Unicode offers several types of space characters. There is space about the size of an ‘n’ — the en space, and also a space about the size of an ‘m’ — the em space, both of which may seem familiar if you know CSS. But, that is not all. I experimented with several other Unicode space characters and, eventually, I could hide KhtmlToPDF’s deficiencies.
In some places, the last letter in a line would be partially displayed. The fix for that was to use the non-breaking space character (Compose + Space + Space) after the word, and it would conveniently wrap to the next line. Sometimes, I did not want a line to break at a hyphen. Conveniently, Unicode has a non-breaking hyphen (Ctrl+Shift+u and 2011) as a fix.
That’s not all
You can already see that I am now addicted to the long hyphen (—) but you may not have noticed that instead of three dots (…), I have used an ellipsis (…).
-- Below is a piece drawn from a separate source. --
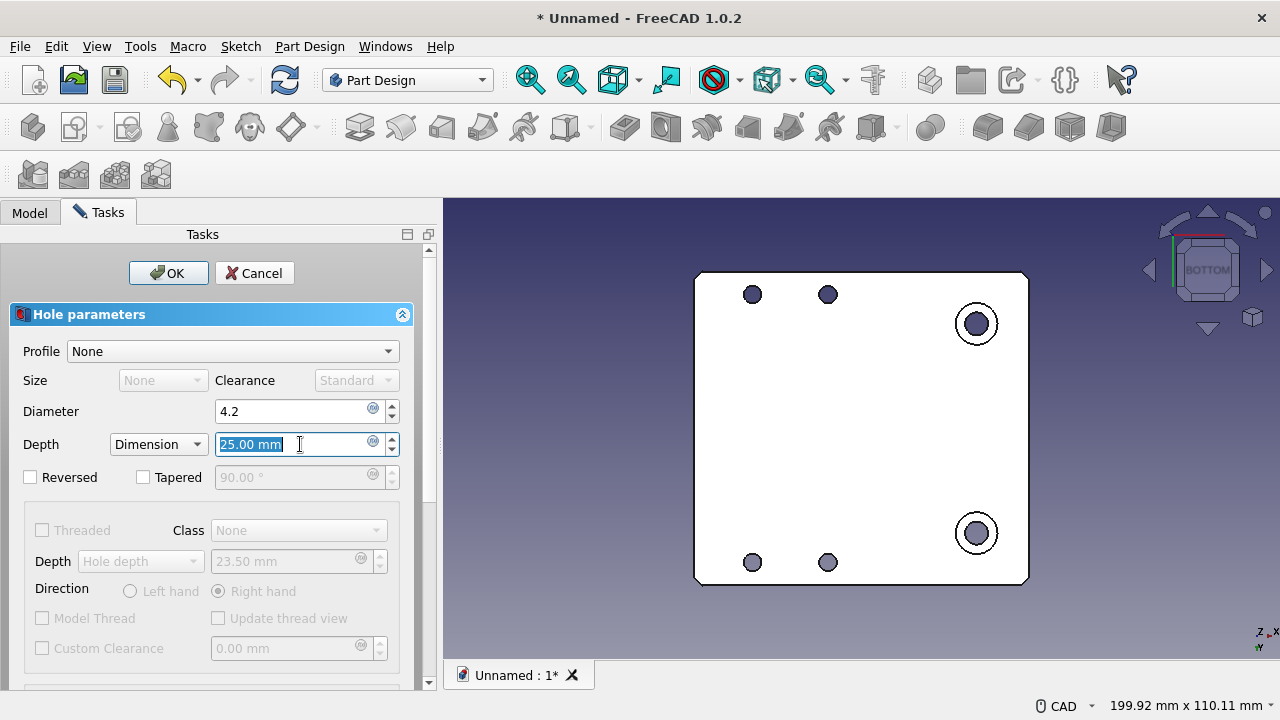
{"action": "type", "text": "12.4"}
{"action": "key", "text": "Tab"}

This is just one Unicode character, instead of three. I do not use apostrophes for my quotations. There are dedicated Unicode characters for it. I type them with the Compose key. I type ‘Hi’ instead of ‘Hi’. I write “Hello, World”, instead of ”Hello, World”. But, not when I write code. When other writers write source code in Microsoft Word, the annoying software autocorrects all apostrophes and double quotation marks into Unicode quotation marks. Such a code listing will not compile in an IDE. It becomes a nightmare for the person who does the page setting. My manuscripts (including the code listings) are entirely in text (as CommonMark). What is written in text, stays in text. So whether it is exported to HTML, Word or PDF, the code will always compile.